* [Supplied records]:
▬▬▬

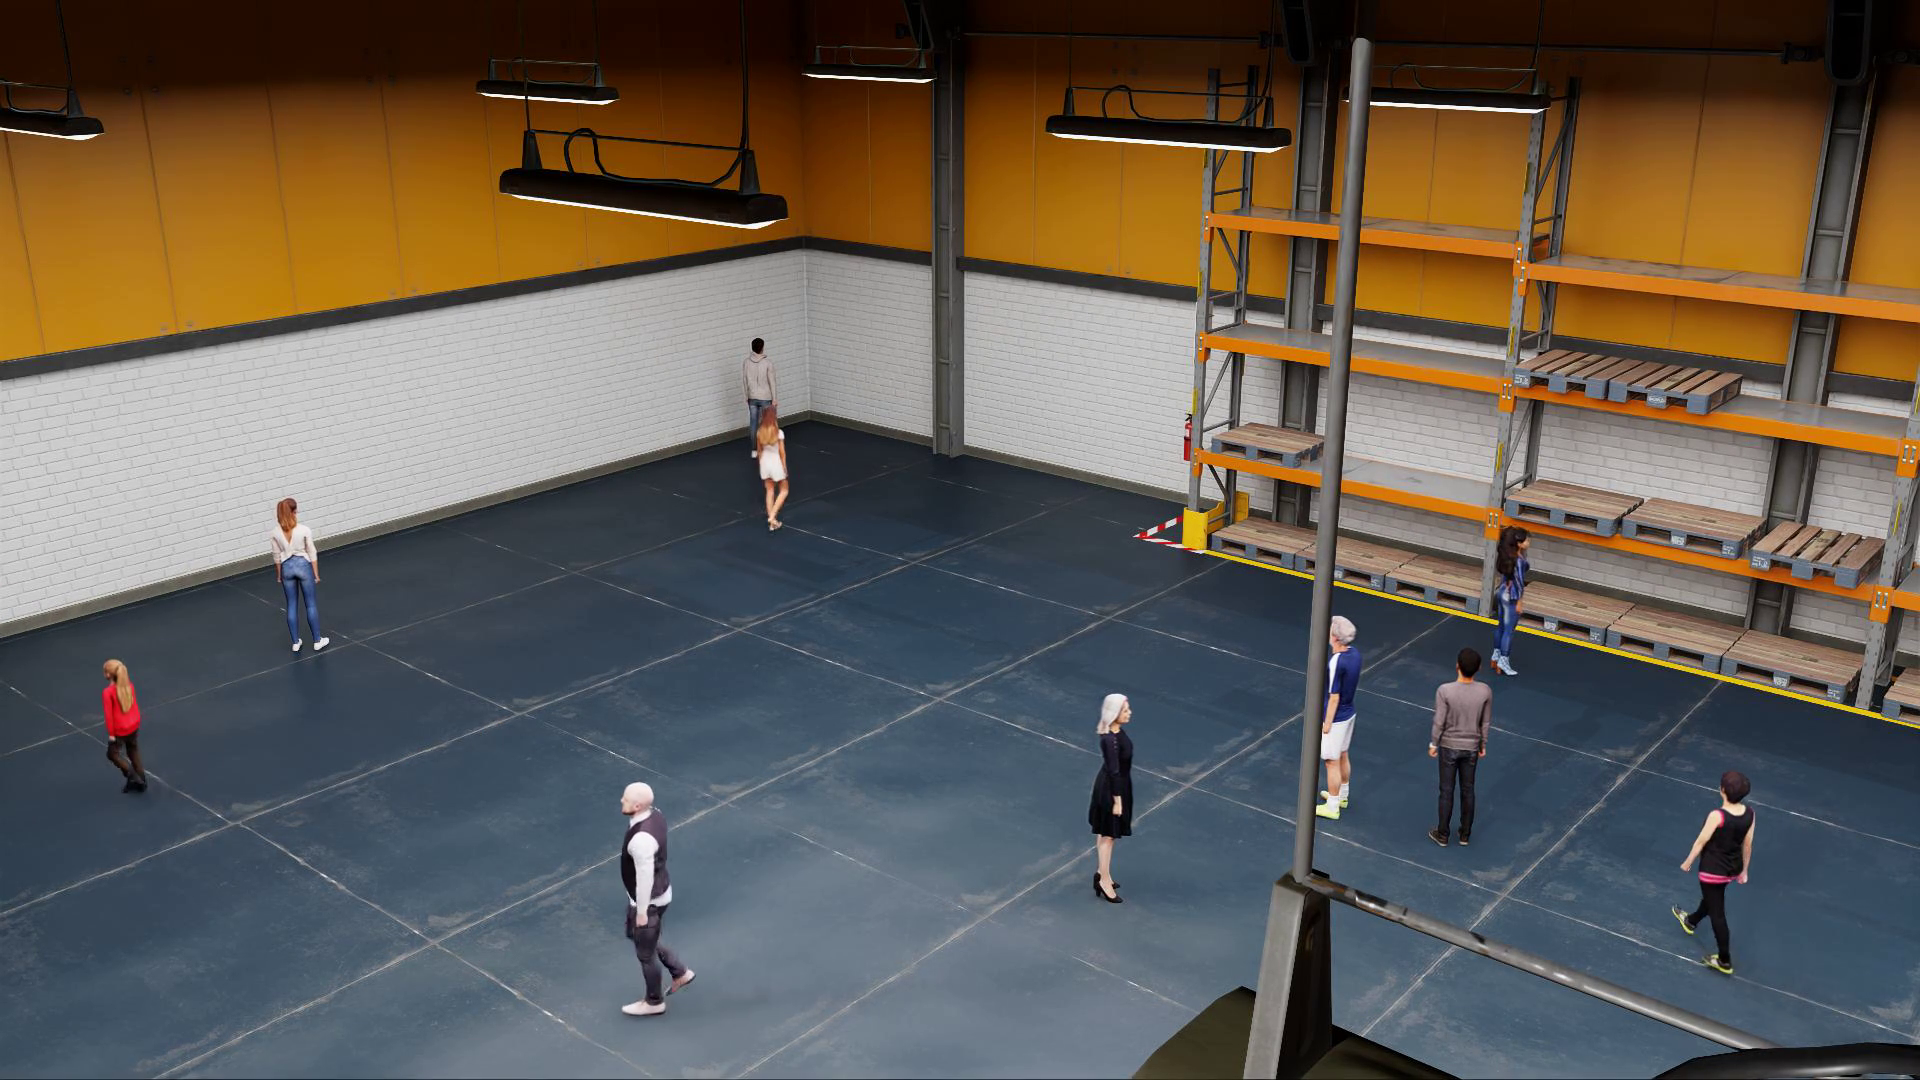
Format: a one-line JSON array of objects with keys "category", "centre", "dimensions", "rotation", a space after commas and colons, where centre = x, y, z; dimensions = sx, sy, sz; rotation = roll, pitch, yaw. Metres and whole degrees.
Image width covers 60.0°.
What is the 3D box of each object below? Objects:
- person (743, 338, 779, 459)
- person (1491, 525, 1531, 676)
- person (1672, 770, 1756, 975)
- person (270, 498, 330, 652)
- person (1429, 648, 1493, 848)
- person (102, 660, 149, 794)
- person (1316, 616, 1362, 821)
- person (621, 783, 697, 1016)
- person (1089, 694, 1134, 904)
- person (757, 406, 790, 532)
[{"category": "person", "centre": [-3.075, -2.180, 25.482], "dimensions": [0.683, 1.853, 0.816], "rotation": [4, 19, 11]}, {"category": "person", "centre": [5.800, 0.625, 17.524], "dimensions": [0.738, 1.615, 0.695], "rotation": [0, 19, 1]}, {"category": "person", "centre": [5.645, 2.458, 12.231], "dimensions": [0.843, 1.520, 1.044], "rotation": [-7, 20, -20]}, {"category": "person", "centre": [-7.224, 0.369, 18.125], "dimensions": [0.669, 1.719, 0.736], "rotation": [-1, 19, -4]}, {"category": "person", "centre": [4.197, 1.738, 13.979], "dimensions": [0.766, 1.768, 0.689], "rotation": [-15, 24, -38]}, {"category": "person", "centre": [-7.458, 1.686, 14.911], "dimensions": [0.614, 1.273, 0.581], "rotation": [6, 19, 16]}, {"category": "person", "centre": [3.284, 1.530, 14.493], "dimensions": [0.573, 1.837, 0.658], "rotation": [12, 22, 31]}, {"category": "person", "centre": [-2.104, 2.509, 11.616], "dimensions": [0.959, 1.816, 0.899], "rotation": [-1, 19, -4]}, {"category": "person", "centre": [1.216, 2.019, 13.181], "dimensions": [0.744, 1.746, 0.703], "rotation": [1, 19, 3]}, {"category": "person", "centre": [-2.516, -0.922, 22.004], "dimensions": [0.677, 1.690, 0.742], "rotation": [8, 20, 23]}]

▬▬▬

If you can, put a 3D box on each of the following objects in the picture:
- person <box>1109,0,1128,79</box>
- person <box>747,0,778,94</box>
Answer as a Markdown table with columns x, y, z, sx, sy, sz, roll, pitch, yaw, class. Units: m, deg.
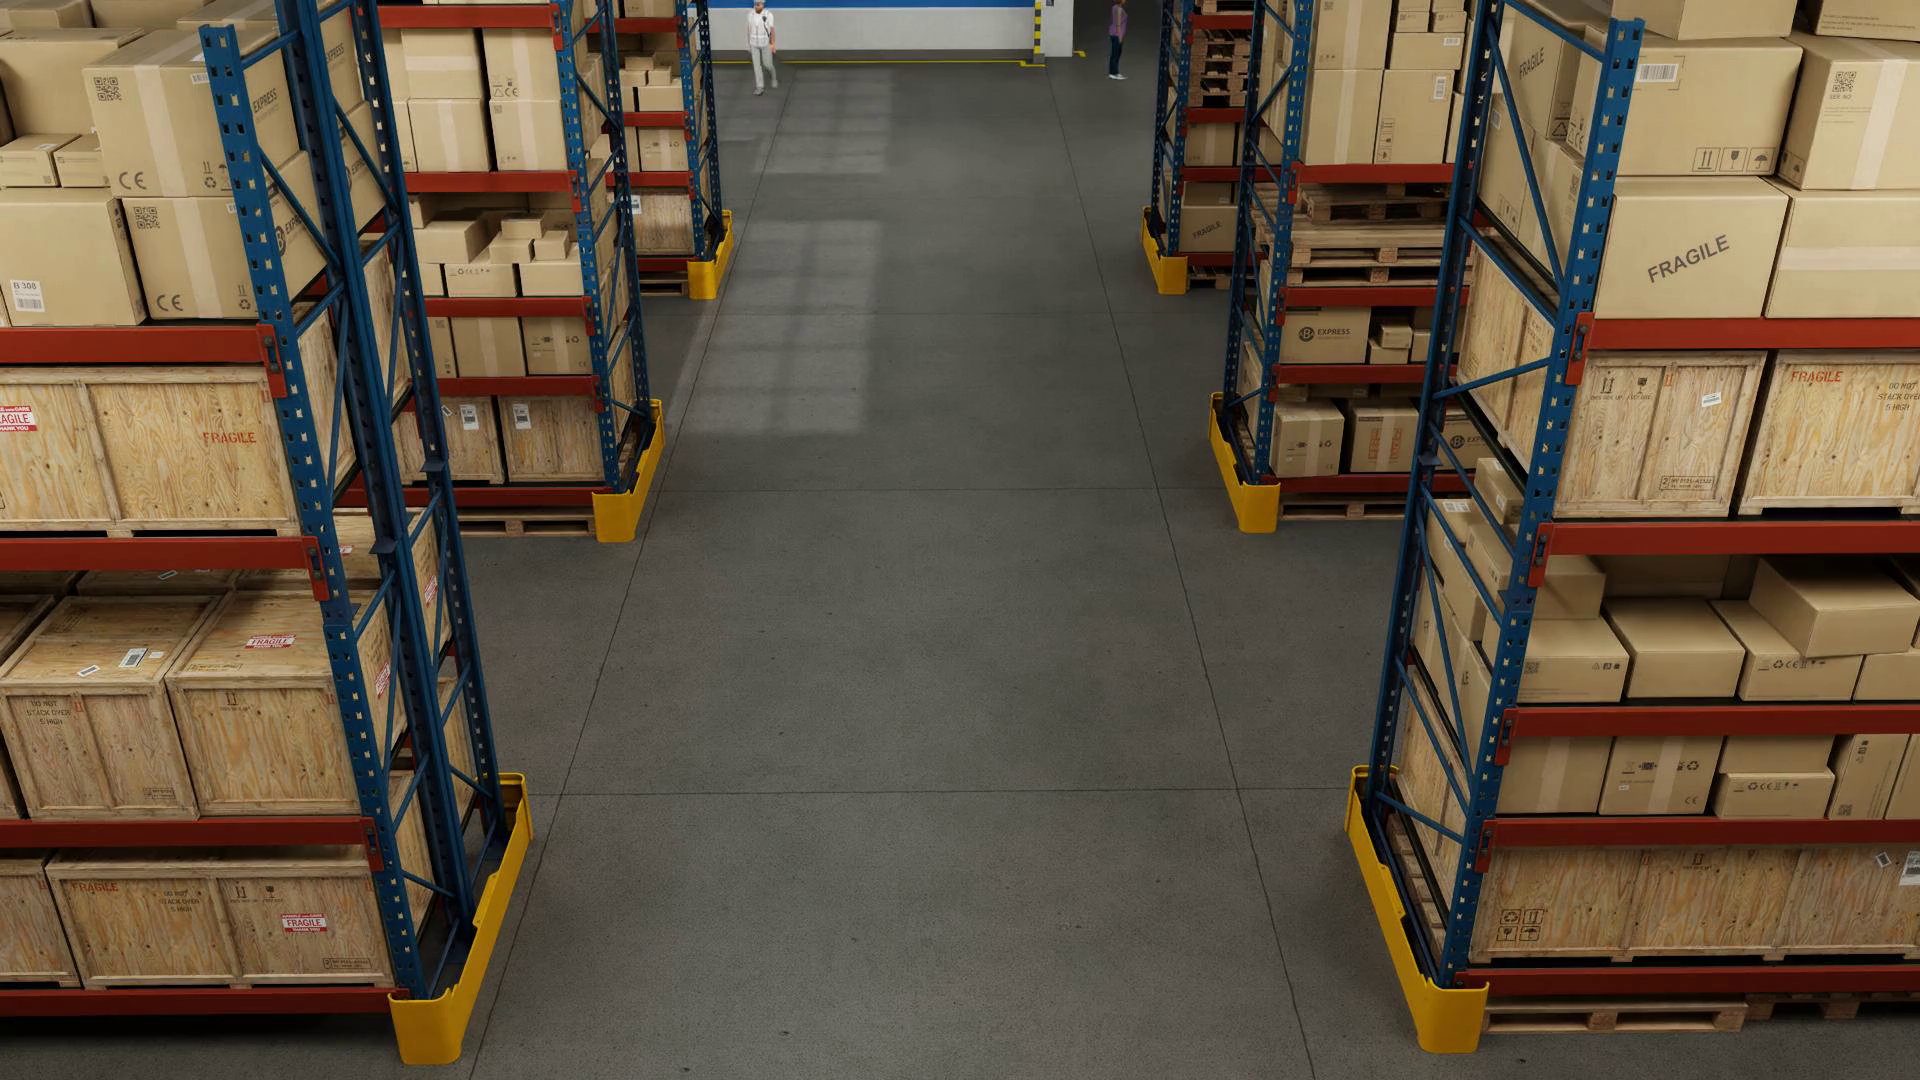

▬▬▬

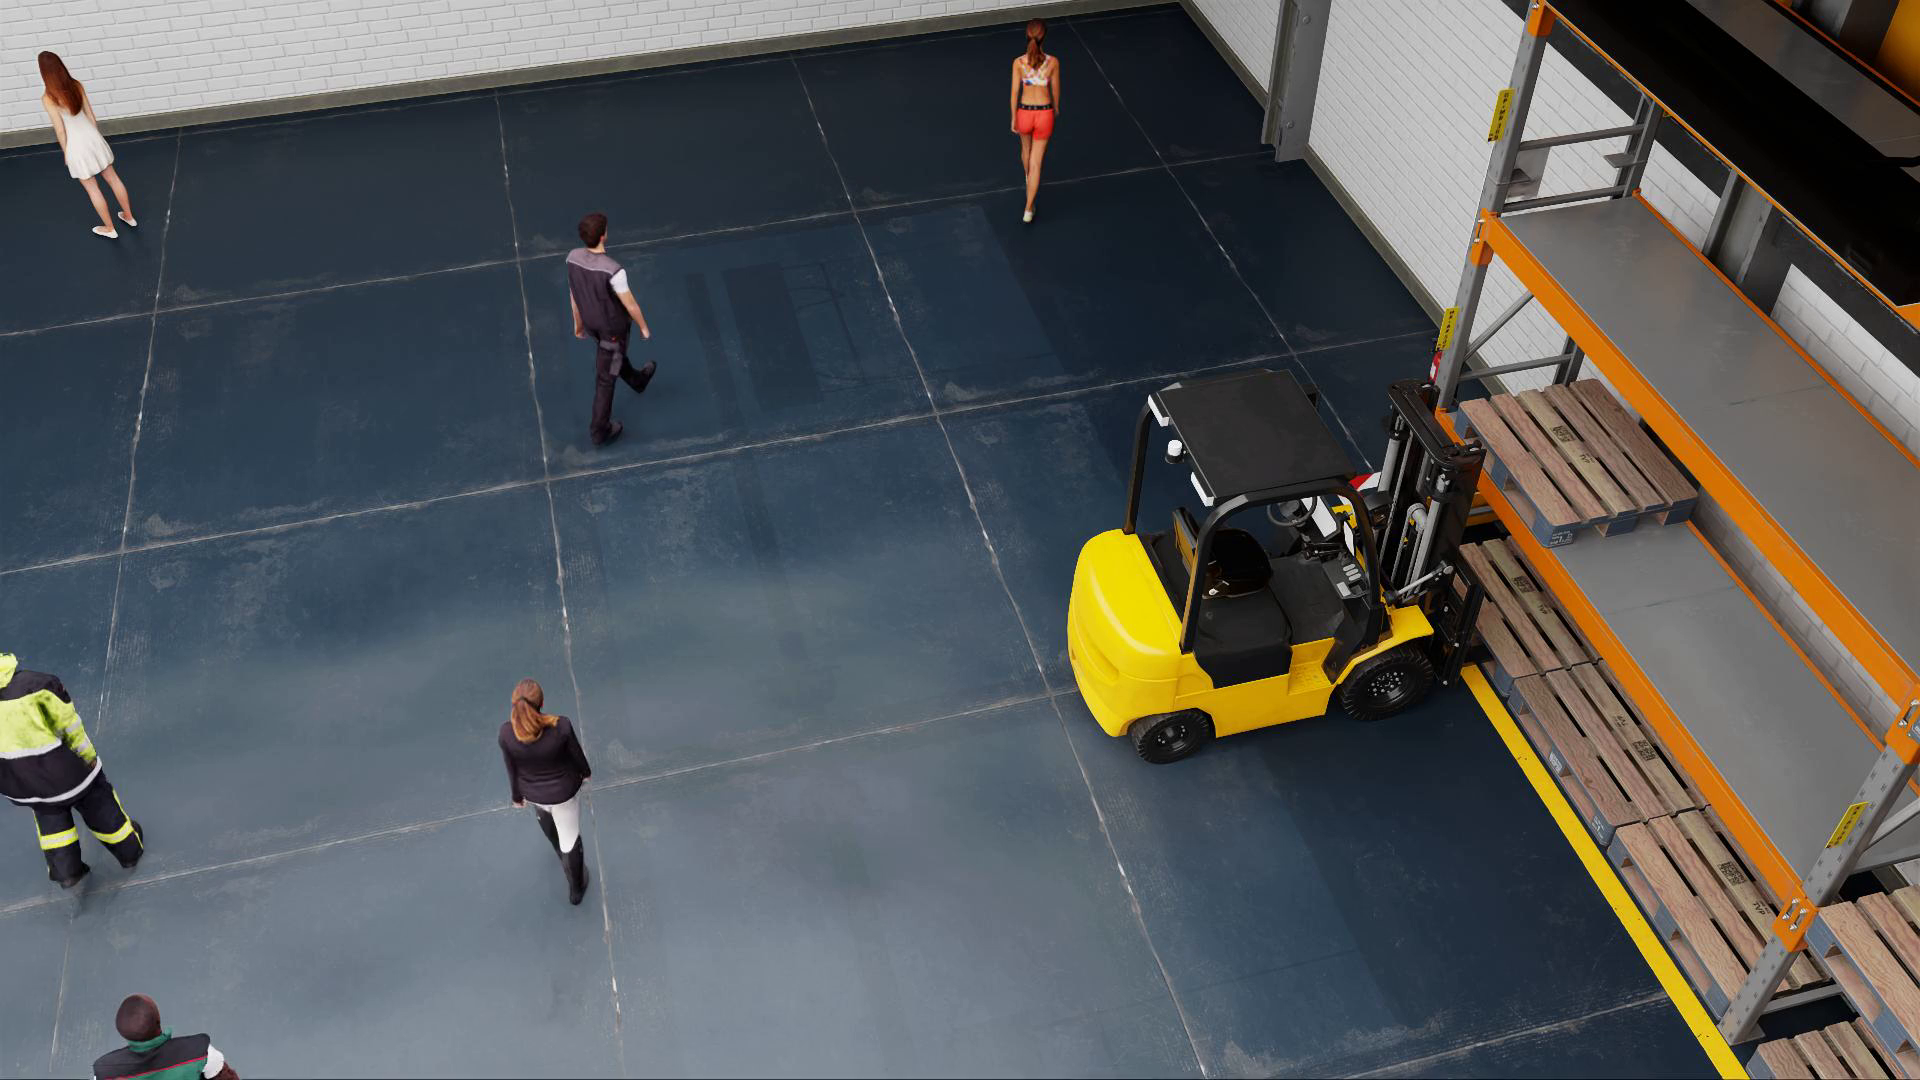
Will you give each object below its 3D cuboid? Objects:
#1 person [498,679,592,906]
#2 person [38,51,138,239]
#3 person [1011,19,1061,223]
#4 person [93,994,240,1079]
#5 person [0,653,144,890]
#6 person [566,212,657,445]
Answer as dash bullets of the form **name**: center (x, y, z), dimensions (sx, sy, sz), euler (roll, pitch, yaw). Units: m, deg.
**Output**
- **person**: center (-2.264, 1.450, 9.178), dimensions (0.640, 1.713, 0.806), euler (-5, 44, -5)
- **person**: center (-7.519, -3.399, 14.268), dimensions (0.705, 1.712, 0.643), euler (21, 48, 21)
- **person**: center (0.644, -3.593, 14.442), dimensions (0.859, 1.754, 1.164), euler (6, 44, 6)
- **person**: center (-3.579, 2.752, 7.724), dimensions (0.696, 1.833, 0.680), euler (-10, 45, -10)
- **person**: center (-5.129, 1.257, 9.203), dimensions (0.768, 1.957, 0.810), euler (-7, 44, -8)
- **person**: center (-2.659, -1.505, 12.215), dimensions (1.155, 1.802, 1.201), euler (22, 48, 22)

▬▬▬

* [Required work]: Take from the listing above each line that contains the string "Units".

* [Exercise output]:
Answer as a Markdown table with columns x, y, z, sx, sy, sz, roll, pitch, yaw, class. Units: m, deg.
Answer as dash bullets of the form **name**: center (x, y, z), dimensions (sx, sy, sz), euler (roll, pitch, yaw). Units: m, deg.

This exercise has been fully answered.